_What you need to do:_ Exactly the lines from the one with "title: Porche d'entrée" to the end of the listing must be repeated, both ends included, with nothing added.

+-------+

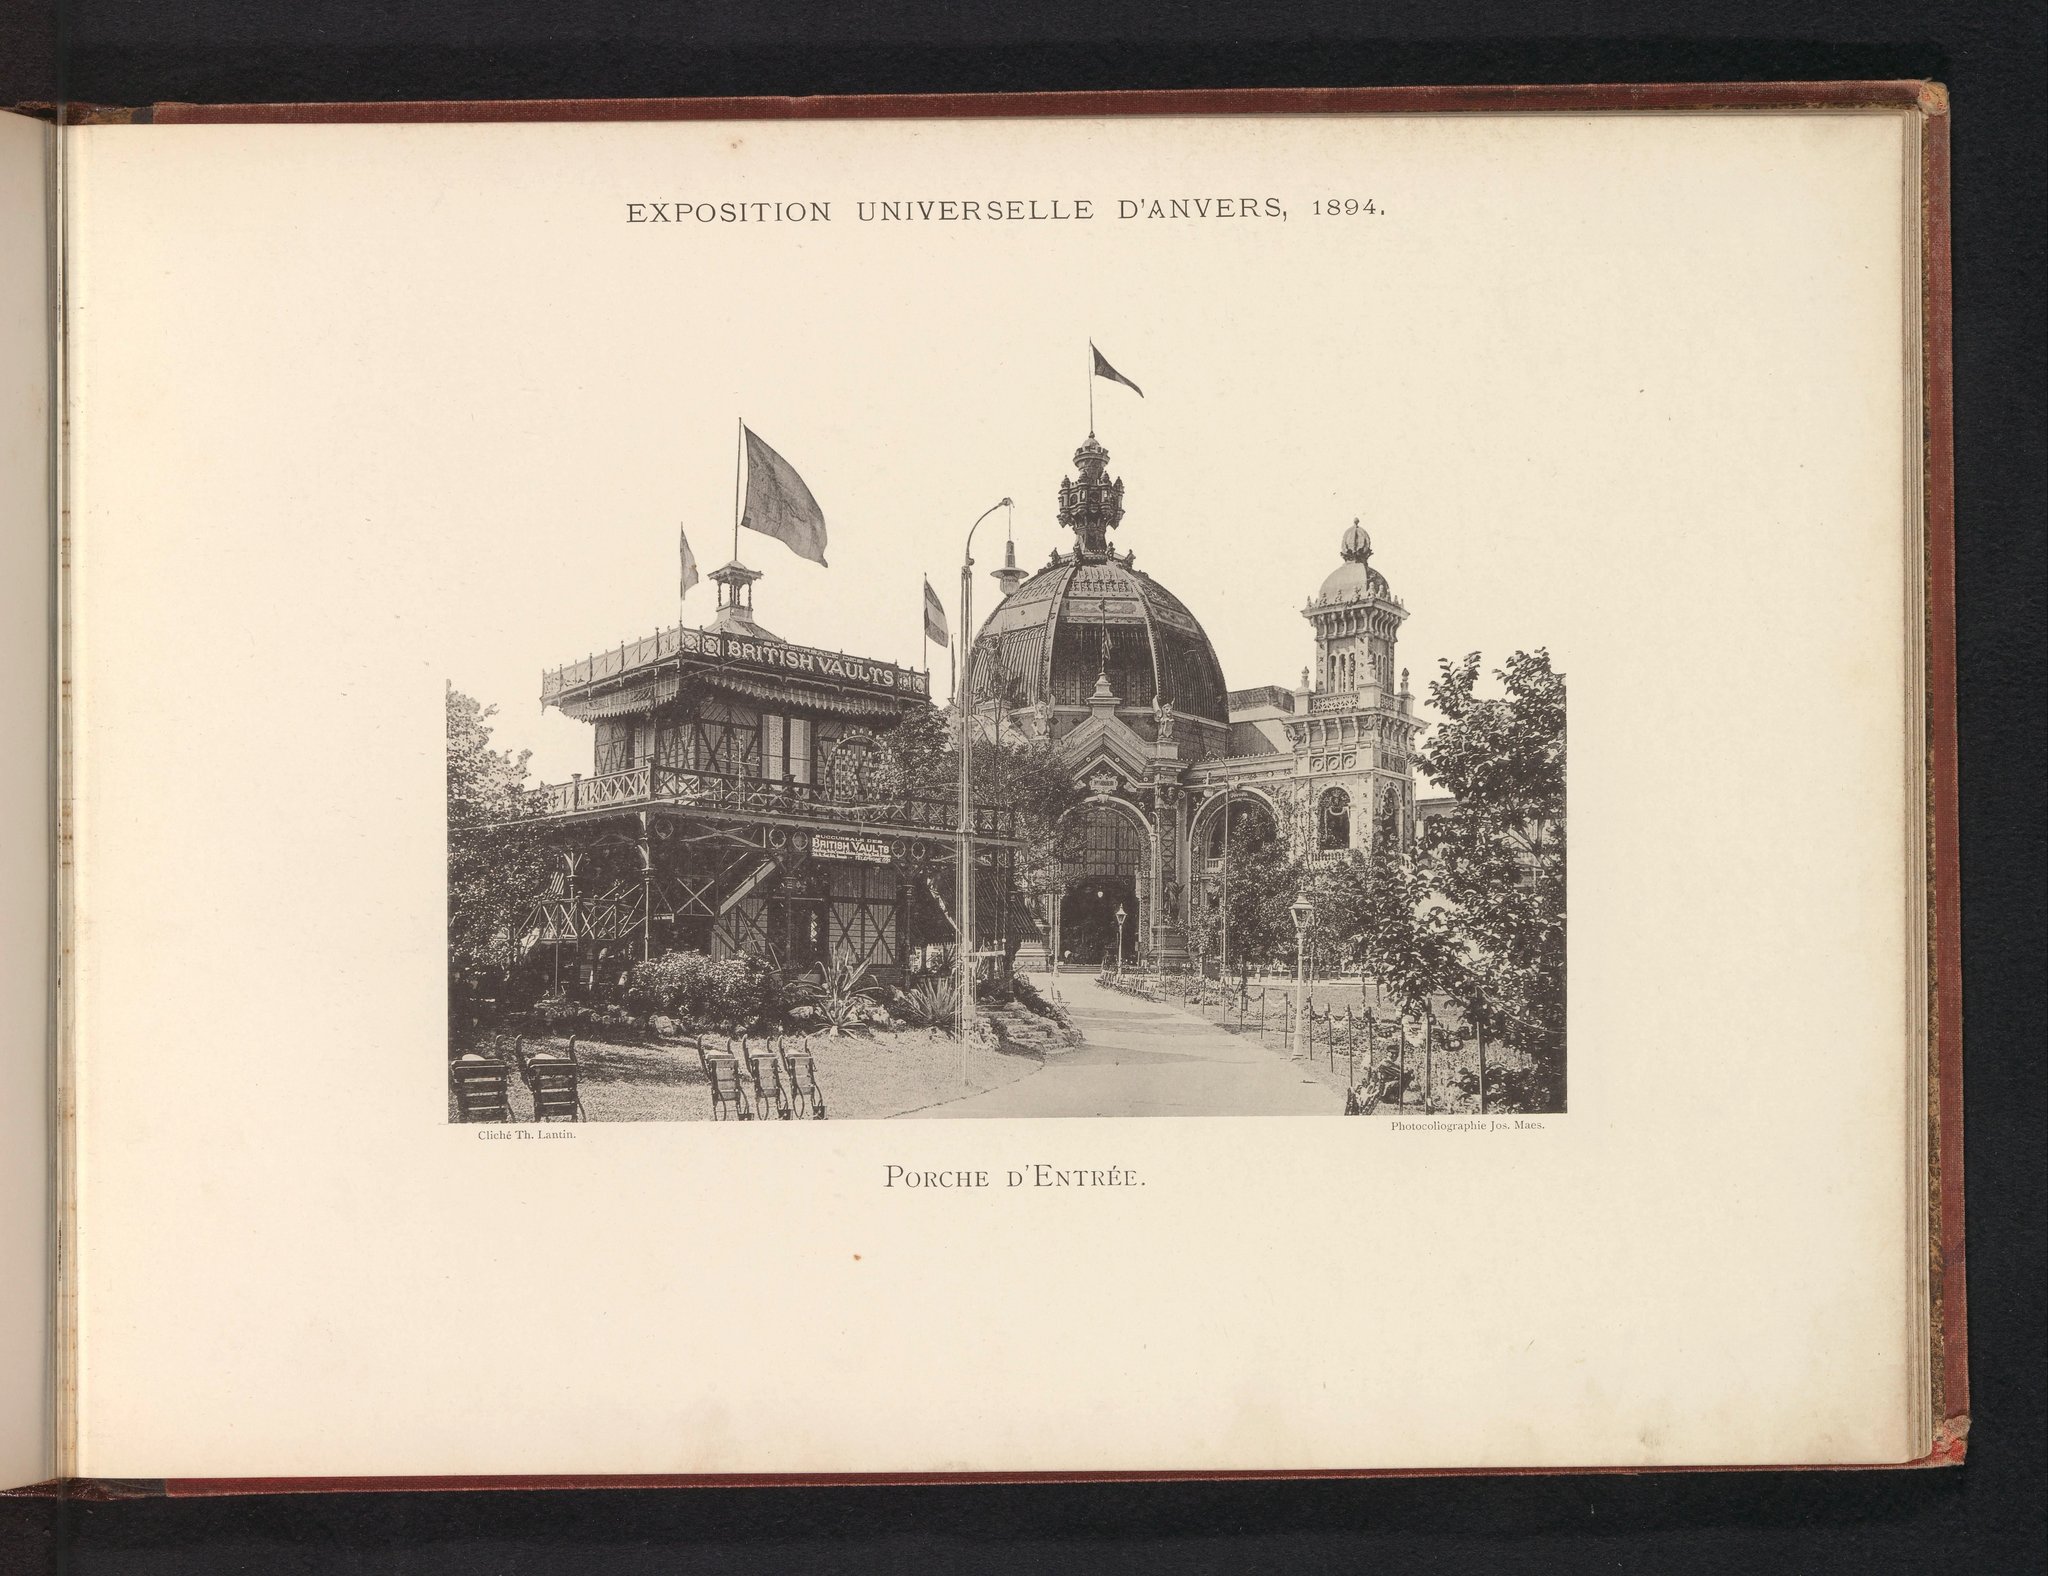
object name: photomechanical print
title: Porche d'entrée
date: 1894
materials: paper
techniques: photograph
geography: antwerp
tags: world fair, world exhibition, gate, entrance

+-------+

_Answer to this problem:_
title: Porche d'entrée
date: 1894
materials: paper
techniques: photograph
geography: antwerp
tags: world fair, world exhibition, gate, entrance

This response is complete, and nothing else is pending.